Re: [controller-dev] Expose Datastore health to applications via infrautils.diagstatus

2017-10-12 Thread Anil Vishnoi
Given that we are relying on MBean info to determine the readiness, does it
matter whether it's should be part of the controller or a service in
infrautils?
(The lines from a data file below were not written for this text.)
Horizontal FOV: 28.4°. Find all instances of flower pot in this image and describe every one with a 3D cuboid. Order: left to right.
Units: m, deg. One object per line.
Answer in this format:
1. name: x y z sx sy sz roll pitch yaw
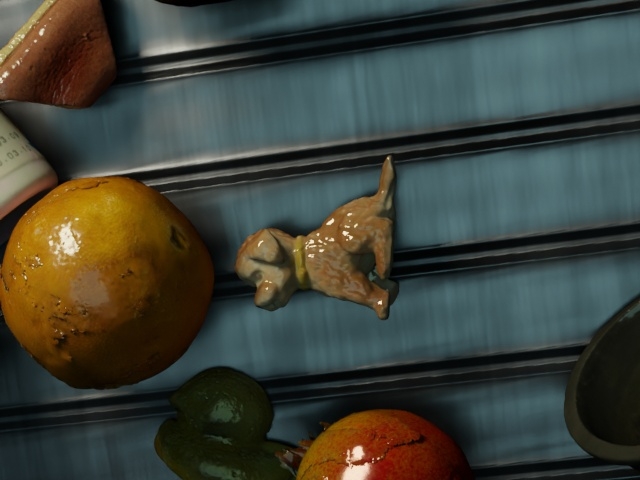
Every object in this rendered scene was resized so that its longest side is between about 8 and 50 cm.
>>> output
1. flower pot: 0.415 0.173 1.352 0.269 0.269 0.166 -41 111 10

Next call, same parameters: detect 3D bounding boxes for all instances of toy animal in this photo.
1. toy animal: -0.004 -0.009 1.441 0.185 0.104 0.184 4 98 12

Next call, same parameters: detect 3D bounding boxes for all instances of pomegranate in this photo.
1. pomegranate: 0.061 0.287 1.413 0.235 0.210 0.210 12 99 32

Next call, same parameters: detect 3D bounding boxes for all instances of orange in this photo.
1. orange: -0.238 0.046 1.409 0.240 0.240 0.240 1 96 7

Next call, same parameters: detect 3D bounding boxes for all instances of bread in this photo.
1. bread: -0.300 -0.208 1.455 0.192 0.067 0.119 -50 116 -14
2. bread: -0.103 0.238 1.499 0.187 0.065 0.149 26 94 6

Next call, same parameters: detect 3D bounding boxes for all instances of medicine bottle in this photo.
1. medicine bottle: -0.452 -0.124 1.450 0.170 0.170 0.293 -40 90 10

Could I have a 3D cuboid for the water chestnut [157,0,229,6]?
1. water chestnut: -0.161 -0.382 1.345 0.244 0.289 0.289 3 97 17

Given that data store is core service, probably writing a
service in infrautils is probably not a bad idea .

With the current MBean exposed by controller, i think it does not support
MBean notification ( i might be wrong), but if we can enable MBean
notification, it will be like a status published through controller, it's
just that in infrautils we need to make sense out of the changes.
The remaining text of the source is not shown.